Citilink, Linking Cities, now Countries
By Andjarsari Paramaditha
Indonesian budget carrier PT Citilink Indonesia, a unit of state-owned carrier PT Garuda Indonesia (GIAA.JK), plans to expand its fleet to 50 planes and sell a 30 percent stake in a public offering by 2015, the company’s CEO said on Friday.
The growth race among airlines in Southeast Asia is heating up after passenger traffic in the Asia-Pacific region more doubled between 1998 and 2012, putting air travel activity on a par with North America.
But the region’s low cost carriers are struggling to make a profit due to thin margins, with many lacking the huge cash flows required to sustain loss-making fares, stump up money to acquire coveted landing slots and fund new aircraft.
“This year we don’t plan as a profitable company … in order to make sure we got the market share and we have to have enough capacity,” Citilink’s chief executive, Arif Wibowo, told Reuters in an interview.
“We have to improve our performance and then we are considering an IPO.”
The company posted a $28.4 million loss on operating revenue of $73.4 million in 2012. It aims to reach $1 billion in revenue by 2015 by flying 16 million passengers in 50 aircraft.
Citilink had 2.8 million passengers last year, while rival AirAsia had 4 million passengers.

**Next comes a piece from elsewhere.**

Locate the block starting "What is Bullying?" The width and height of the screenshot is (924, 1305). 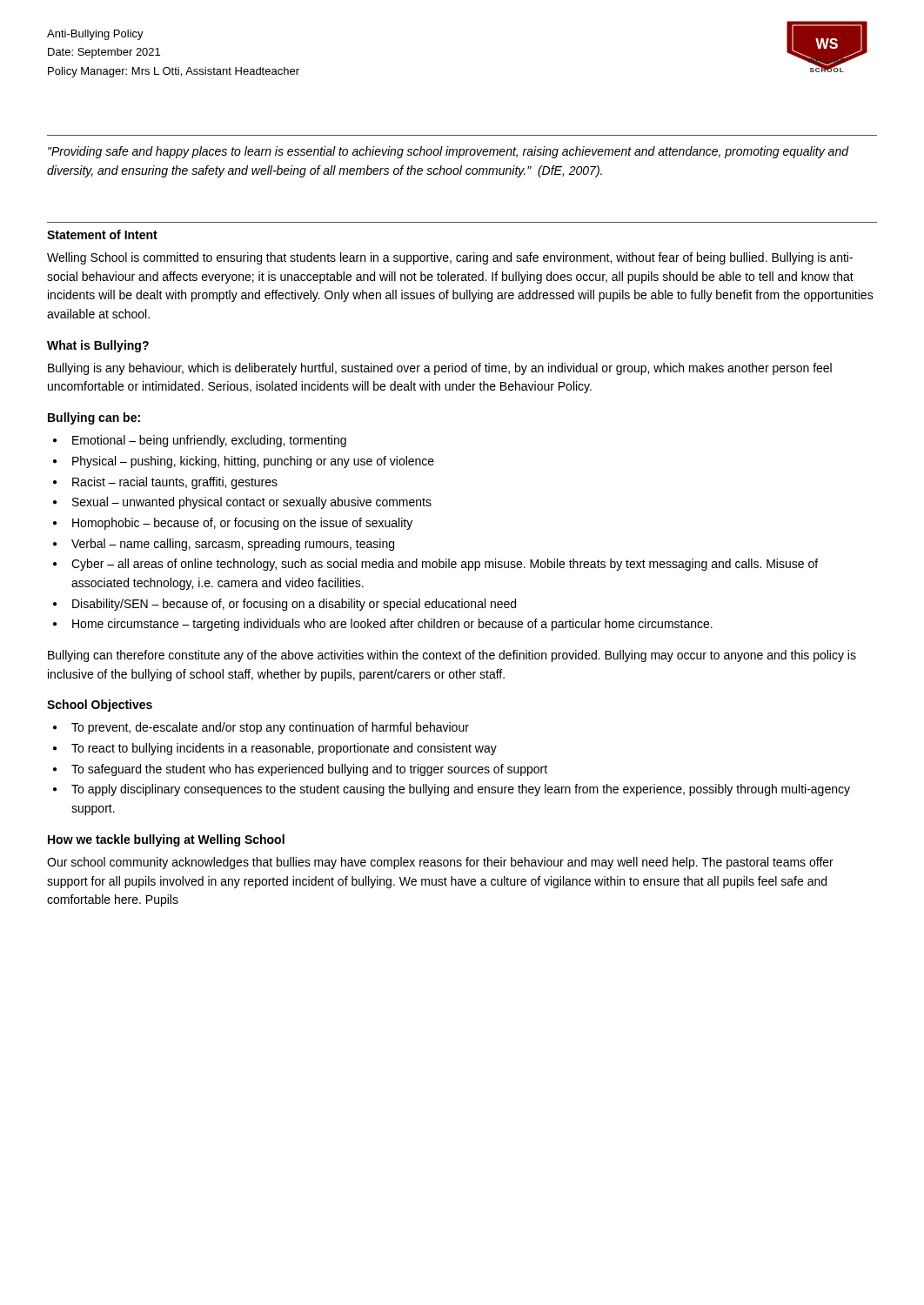[98, 345]

With its current 17 percent market share in the low cost carrier segment, Citilink is targeting 19 percent by end of the year and 29 percent in the next 5 years.

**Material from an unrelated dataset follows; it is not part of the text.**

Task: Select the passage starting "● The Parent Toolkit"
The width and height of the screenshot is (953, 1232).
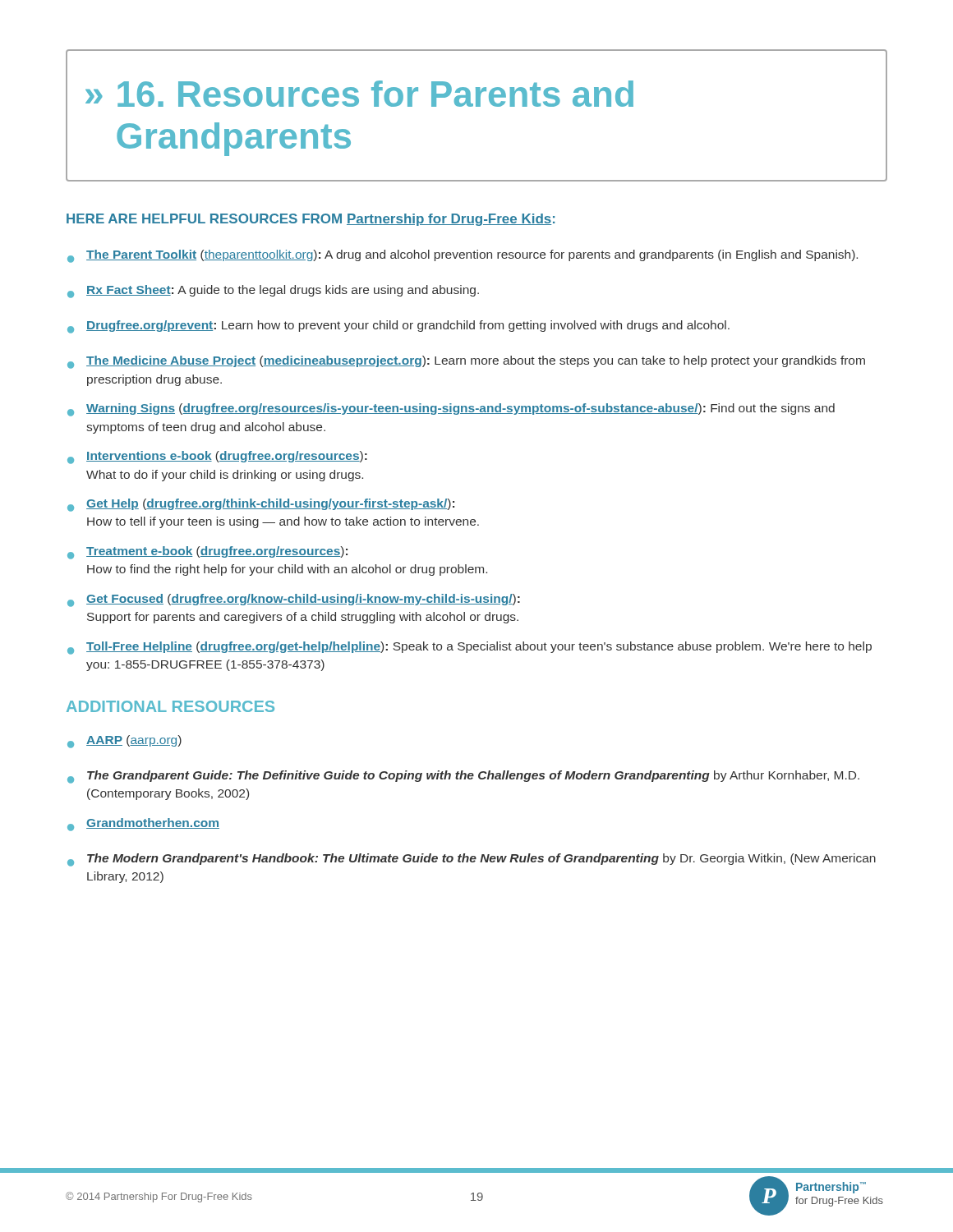Action: pos(476,258)

That would mean more pressure on domestic market leader Lion Air and the region’s biggest budget carrier AirAsia Berhad (AIRA.KL), which is struggling to expand in Indonesia despite a major push to set up its regional office in Jakarta.
Citilink is also planning a regional expansion next year, eyeing 7 destinations in Singapore, Malaysia, Thailand and northern part of Australia, Wibowo said from the cockpit of his firm’s newest Airbus A320 aircraft in its Cengkareng airport facility.